God and Devil World Chapter 96 - Shopping Bahasa Indonesia - Indowebnovel

God and Devil World Chapter 96 – Shopping Bahasa Indonesia

Reader Settings

Size :
A-16A+
Daftar Isi

Bab 96: Berbelanja

Semua orang sibuk sepanjang hari. Perut mereka lapar, jadi mereka meninggalkan gedung dan keluar.

Tidak lama setelah meninggalkan gedung, mereka melihat tempat terbuka dengan beberapa kios yang tertata.
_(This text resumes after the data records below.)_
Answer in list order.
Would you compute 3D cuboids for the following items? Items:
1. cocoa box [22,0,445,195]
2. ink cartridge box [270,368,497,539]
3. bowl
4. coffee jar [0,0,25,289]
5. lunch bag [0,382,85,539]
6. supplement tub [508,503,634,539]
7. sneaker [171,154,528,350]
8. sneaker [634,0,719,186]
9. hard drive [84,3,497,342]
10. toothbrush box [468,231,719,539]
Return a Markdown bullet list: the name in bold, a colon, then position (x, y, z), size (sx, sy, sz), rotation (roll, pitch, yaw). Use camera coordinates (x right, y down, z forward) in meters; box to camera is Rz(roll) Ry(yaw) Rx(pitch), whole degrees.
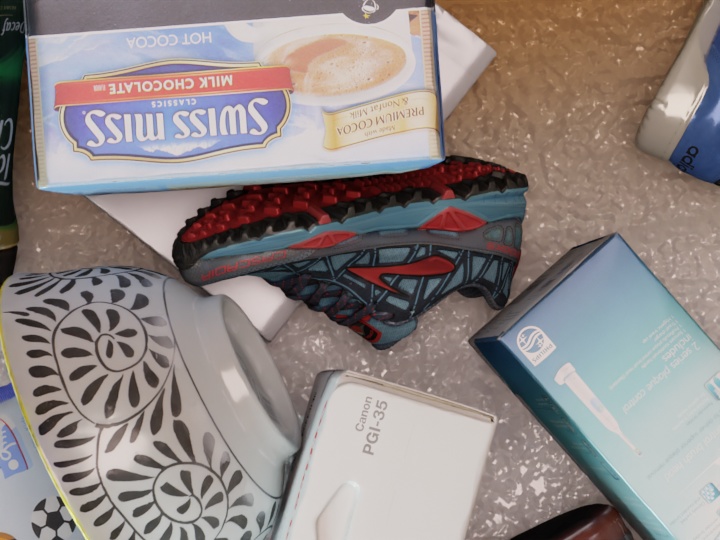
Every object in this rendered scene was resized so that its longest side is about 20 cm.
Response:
- **cocoa box**: position (-0.062, -0.108, 1.226), size (0.200, 0.133, 0.131), rotation (-4, 91, -1)
- **ink cartridge box**: position (0.002, 0.130, 1.246), size (0.083, 0.200, 0.147), rotation (16, 87, -3)
- **bowl**: position (-0.090, 0.071, 1.235), size (0.094, 0.201, 0.201), rotation (-27, 89, 9)
- **coffee jar**: position (-0.225, -0.076, 1.274), size (0.085, 0.104, 0.200), rotation (12, 103, 34)
- **lunch bag**: position (-0.206, 0.164, 1.272), size (0.200, 0.124, 0.170), rotation (-30, 89, 3)
- **supplement tub**: position (0.131, 0.231, 1.298), size (0.107, 0.107, 0.200), rotation (-27, 90, -4)
- **sneaker**: position (0.000, 0.000, 1.293), size (0.200, 0.079, 0.096), rotation (-8, 107, -21)
- **sneaker**: position (0.241, -0.132, 1.333), size (0.111, 0.077, 0.200), rotation (27, 90, 4)
- **hard drive**: position (-0.039, -0.080, 1.341), size (0.132, 0.025, 0.200), rotation (38, 85, -2)
- **toothbrush box**: position (0.157, 0.083, 1.286), size (0.085, 0.146, 0.200), rotation (-41, 90, -4)
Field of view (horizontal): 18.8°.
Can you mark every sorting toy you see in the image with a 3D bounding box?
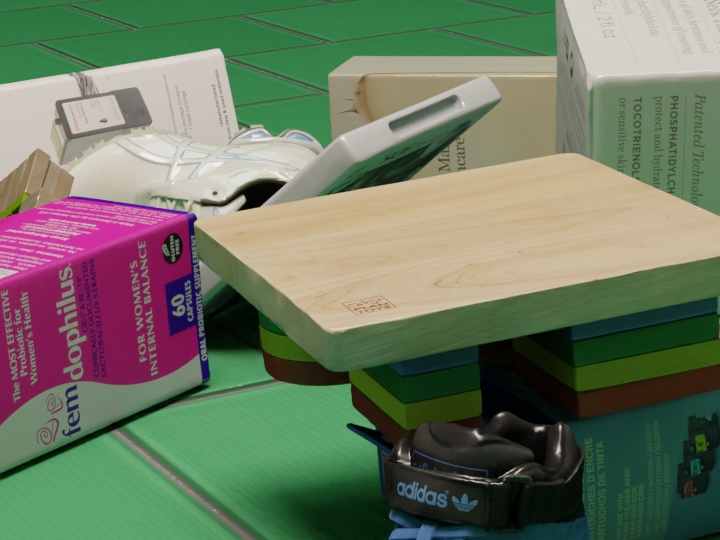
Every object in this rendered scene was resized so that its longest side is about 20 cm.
[{"bbox_3d":[0.050,0.014,0.970,0.200,0.070,0.199,-11,18,-18],"label":"sorting toy"}]

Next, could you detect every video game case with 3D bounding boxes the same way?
[{"bbox_3d":[-0.024,-0.036,1.314,0.200,0.023,0.182,-40,-7,34],"label":"video game case"}]

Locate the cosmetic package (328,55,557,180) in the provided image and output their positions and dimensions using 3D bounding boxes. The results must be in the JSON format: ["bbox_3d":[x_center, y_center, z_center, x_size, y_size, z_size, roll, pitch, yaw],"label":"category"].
[{"bbox_3d":[0.083,-0.102,1.593,0.200,0.104,0.073,0,17,17],"label":"cosmetic package"}]

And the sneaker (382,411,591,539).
[{"bbox_3d":[0.019,0.115,0.811,0.077,0.111,0.200,11,22,42],"label":"sneaker"}]

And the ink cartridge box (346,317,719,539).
[{"bbox_3d":[0.095,0.077,1.005,0.200,0.076,0.136,-12,18,-24],"label":"ink cartridge box"}]

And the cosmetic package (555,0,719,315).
[{"bbox_3d":[0.226,-0.083,1.320,0.200,0.167,0.167,-4,30,-1],"label":"cosmetic package"}]

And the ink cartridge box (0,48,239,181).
[{"bbox_3d":[-0.212,-0.101,1.624,0.200,0.084,0.145,-13,1,-28],"label":"ink cartridge box"}]

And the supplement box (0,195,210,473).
[{"bbox_3d":[-0.184,0.034,1.162,0.103,0.101,0.200,9,21,37],"label":"supplement box"}]

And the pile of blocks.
[{"bbox_3d":[-0.205,-0.005,1.416,0.062,0.082,0.200,37,11,-25],"label":"pile of blocks"}]

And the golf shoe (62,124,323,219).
[{"bbox_3d":[-0.119,-0.053,1.521,0.200,0.078,0.097,-10,28,-4],"label":"golf shoe"}]
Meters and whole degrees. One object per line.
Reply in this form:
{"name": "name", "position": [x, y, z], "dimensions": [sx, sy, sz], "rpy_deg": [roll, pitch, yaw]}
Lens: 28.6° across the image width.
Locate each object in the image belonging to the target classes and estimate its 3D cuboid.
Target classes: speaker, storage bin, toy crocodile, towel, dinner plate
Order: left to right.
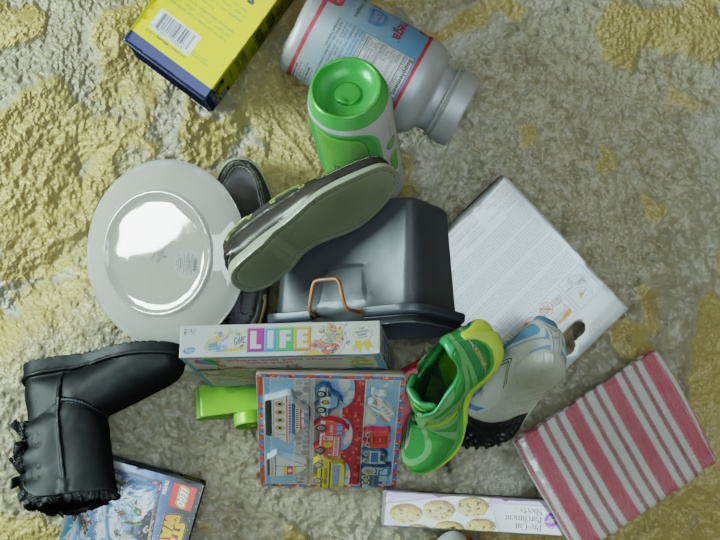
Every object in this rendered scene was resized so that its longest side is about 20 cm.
{"name": "dinner plate", "position": [-0.212, -0.018, 1.498], "dimensions": [0.199, 0.024, 0.201], "rpy_deg": [1, 92, 23]}
{"name": "toy crocodile", "position": [-0.082, 0.130, 1.527], "dimensions": [0.199, 0.062, 0.068], "rpy_deg": [-12, 72, 4]}
{"name": "speaker", "position": [-0.003, -0.134, 1.452], "dimensions": [0.088, 0.200, 0.089], "rpy_deg": [-3, 64, 6]}
{"name": "storage bin", "position": [0.000, 0.000, 1.468], "dimensions": [0.199, 0.145, 0.135], "rpy_deg": [-6, 79, 30]}
{"name": "towel", "position": [0.277, 0.196, 1.538], "dimensions": [0.200, 0.030, 0.147], "rpy_deg": [-31, 93, -13]}

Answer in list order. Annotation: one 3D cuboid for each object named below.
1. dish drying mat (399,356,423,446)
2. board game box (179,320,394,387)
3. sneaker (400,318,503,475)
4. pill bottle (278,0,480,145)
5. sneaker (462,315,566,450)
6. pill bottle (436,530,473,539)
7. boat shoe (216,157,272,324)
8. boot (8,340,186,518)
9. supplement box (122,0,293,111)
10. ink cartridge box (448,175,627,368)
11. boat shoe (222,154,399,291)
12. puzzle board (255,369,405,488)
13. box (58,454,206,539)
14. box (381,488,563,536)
{"name": "dish drying mat", "position": [0.105, 0.119, 1.554], "dimensions": [0.199, 0.018, 0.077], "rpy_deg": [-29, 88, 0]}
{"name": "board game box", "position": [-0.071, 0.086, 1.435], "dimensions": [0.199, 0.135, 0.034], "rpy_deg": [-1, 73, 7]}
{"name": "sneaker", "position": [0.075, 0.129, 1.446], "dimensions": [0.083, 0.074, 0.200], "rpy_deg": [-7, 133, -34]}
{"name": "pill bottle", "position": [0.022, -0.216, 1.504], "dimensions": [0.199, 0.109, 0.109], "rpy_deg": [28, 89, -2]}
{"name": "sneaker", "position": [0.151, 0.123, 1.488], "dimensions": [0.072, 0.073, 0.200], "rpy_deg": [26, 132, -16]}
{"name": "pill bottle", "position": [0.153, 0.371, 1.510], "dimensions": [0.199, 0.112, 0.113], "rpy_deg": [30, 89, -3]}
{"name": "boat shoe", "position": [-0.126, -0.022, 1.515], "dimensions": [0.071, 0.061, 0.202], "rpy_deg": [-2, 90, -1]}
{"name": "boot", "position": [-0.273, 0.166, 1.482], "dimensions": [0.197, 0.073, 0.163], "rpy_deg": [-9, 64, 7]}
{"name": "supplement box", "position": [-0.145, -0.284, 1.496], "dimensions": [0.109, 0.109, 0.200], "rpy_deg": [36, 89, -2]}
{"name": "ink cartridge box", "position": [0.166, 0.022, 1.541], "dimensions": [0.162, 0.050, 0.200], "rpy_deg": [-44, 94, -3]}
{"name": "boat shoe", "position": [-0.054, -0.059, 1.418], "dimensions": [0.201, 0.072, 0.061], "rpy_deg": [-34, 47, 9]}
{"name": "puzzle board", "position": [-0.032, 0.171, 1.480], "dimensions": [0.150, 0.200, 0.017], "rpy_deg": [0, 47, -2]}
{"name": "box", "position": [-0.259, 0.307, 1.530], "dimensions": [0.136, 0.040, 0.201], "rpy_deg": [16, 90, -1]}
{"name": "box", "position": [0.122, 0.264, 1.543], "dimensions": [0.199, 0.039, 0.042], "rpy_deg": [5, 84, -2]}
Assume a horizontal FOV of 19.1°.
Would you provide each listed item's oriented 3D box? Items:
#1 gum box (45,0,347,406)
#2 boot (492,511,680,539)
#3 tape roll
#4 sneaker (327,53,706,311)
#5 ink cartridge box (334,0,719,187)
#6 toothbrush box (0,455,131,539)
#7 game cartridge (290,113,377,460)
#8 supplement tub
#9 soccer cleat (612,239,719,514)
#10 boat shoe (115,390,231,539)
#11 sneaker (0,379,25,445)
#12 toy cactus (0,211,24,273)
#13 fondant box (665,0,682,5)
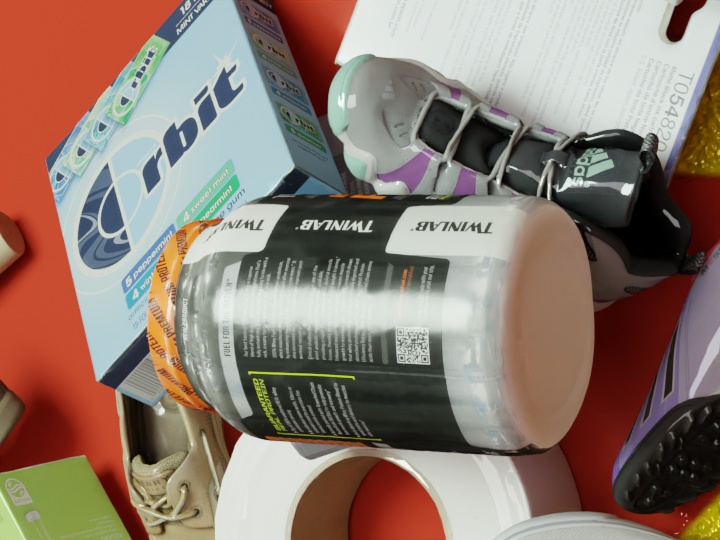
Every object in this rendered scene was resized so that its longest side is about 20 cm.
[{"bbox_3d":[-0.098,-0.053,1.203,0.170,0.044,0.201,-47,39,21],"label":"gum box"},{"bbox_3d":[0.154,0.168,1.043,0.198,0.096,0.074,10,93,6],"label":"boot"},{"bbox_3d":[0.019,0.148,1.172,0.201,0.071,0.205,0,89,30],"label":"tape roll"},{"bbox_3d":[0.090,-0.054,1.056,0.139,0.199,0.078,-14,50,55],"label":"sneaker"},{"bbox_3d":[0.110,-0.166,1.127,0.199,0.041,0.201,23,95,20],"label":"ink cartridge box"},{"bbox_3d":[-0.185,0.236,1.267,0.146,0.086,0.201,-44,68,31],"label":"toothbrush box"},{"bbox_3d":[0.000,0.000,1.153,0.132,0.041,0.201,-17,55,14],"label":"game cartridge"},{"bbox_3d":[0.004,0.024,1.036,0.198,0.122,0.124,2,90,28],"label":"supplement tub"},{"bbox_3d":[0.187,0.036,1.091,0.201,0.068,0.073,-58,42,20],"label":"soccer cleat"},{"bbox_3d":[-0.110,0.123,1.247,0.071,0.064,0.202,-16,82,28],"label":"boat shoe"},{"bbox_3d":[-0.290,0.131,1.293,0.075,0.070,0.200,42,94,-6],"label":"sneaker"},{"bbox_3d":[-0.290,0.012,1.344,0.164,0.102,0.201,-31,66,15],"label":"toy cactus"},{"bbox_3d":[0.118,-0.242,1.010,0.144,0.058,0.201,30,143,19],"label":"fondant box"}]
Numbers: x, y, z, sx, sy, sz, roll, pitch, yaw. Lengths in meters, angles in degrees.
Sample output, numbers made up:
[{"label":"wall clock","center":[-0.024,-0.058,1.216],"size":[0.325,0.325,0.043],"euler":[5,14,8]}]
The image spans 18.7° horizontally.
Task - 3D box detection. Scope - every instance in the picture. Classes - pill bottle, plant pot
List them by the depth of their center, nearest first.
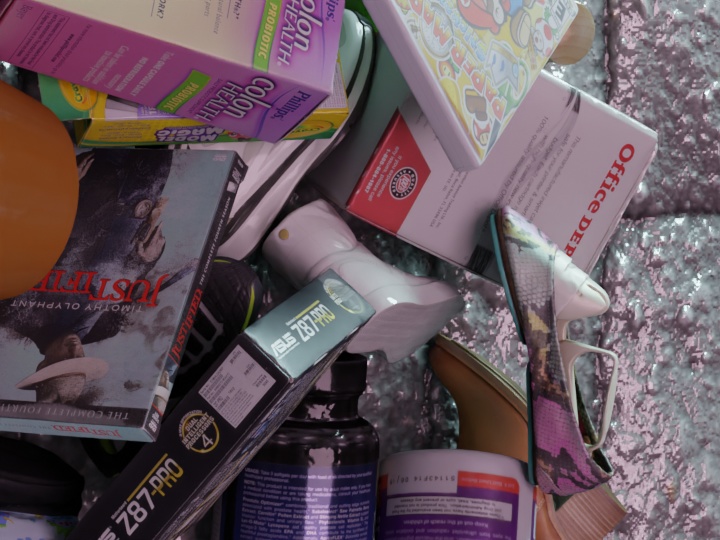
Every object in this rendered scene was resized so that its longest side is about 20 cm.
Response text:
[{"label":"plant pot","center":[-0.271,-0.054,1.271],"size":[0.183,0.200,0.201],"euler":[11,89,-51]},{"label":"pill bottle","center":[-0.044,0.155,1.488],"size":[0.112,0.112,0.201],"euler":[1,96,-35]},{"label":"pill bottle","center":[0.061,0.229,1.495],"size":[0.111,0.111,0.201],"euler":[15,71,-35]}]

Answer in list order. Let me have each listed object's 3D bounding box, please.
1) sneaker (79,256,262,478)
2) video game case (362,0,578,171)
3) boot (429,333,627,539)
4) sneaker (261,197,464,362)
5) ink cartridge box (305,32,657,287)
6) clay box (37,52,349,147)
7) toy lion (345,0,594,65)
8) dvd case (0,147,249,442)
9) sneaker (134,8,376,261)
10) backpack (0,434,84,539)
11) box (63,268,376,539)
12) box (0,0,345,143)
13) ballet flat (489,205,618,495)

Beberapa pekerja berada di sana membagikan makanan bantuan.

Puluhan orang mengantre panjang menunggu makanan.

Seorang pria gemuk memegang sendok sayur. Setiap orang yang melewati panci itu menerima satu sendok bubur yang dituangkan ke dalam mangkuk mereka.

Da Gouzi berjalan melewatinya dan melihat-lihat. Dia melihat bahwa di dalam mangkuk tidak ada nasi, pada dasarnya semuanya air. Dia tidak bisa menahan diri untuk mengeluh: “Sial, apakah ini yang dimakan orang? Semuanya air!”

Da Gouzi bisa makan semangkuk makanan setiap hari di Desa Selalu Terang. Bubur di Desa Selalu Terang juga mengandung lebih banyak nasi daripada ini.

Pria gemuk yang membagikan bubur itu memandang Da Gouzi dan mengejek: “Jika kau tidak mau makan, pergilah! Tunggu sampai kau lapar beberapa hari, baru kau akan mempertimbangkan kembali.”

Para penyintas lainnya menerima semangkuk bubur yang hampir seperti air, dan mereka semua menjilat mangkuk mereka hingga bersih. Kemudian mereka memandang panci besar berisi bubur itu dengan mata rakus.

Semangkuk makanan bantuan ini praktis seperti sup nasi dan bukan bubur. Tetapi bagi para penyintas ini, itu adalah harapan hidup mereka.

Chen Zhiguang meminta maaf kepada Yue Zhong: “Saudara Yue, maafkan saya. Kalian semua hanya bisa menerima makanan bantuan di sini.”

Yue Zhong memandang panci besar berisi makanan bantuan yang isinya sedikit nasi. Dia sama sekali tidak tertarik. Dia bertanya kepada Chen Zhiguang: “Apakah ada pasar di sini? Saya ingin membeli beberapa barang.”

Chen Zhiguang segera berkata: “Ya! Silakan ikuti saya.”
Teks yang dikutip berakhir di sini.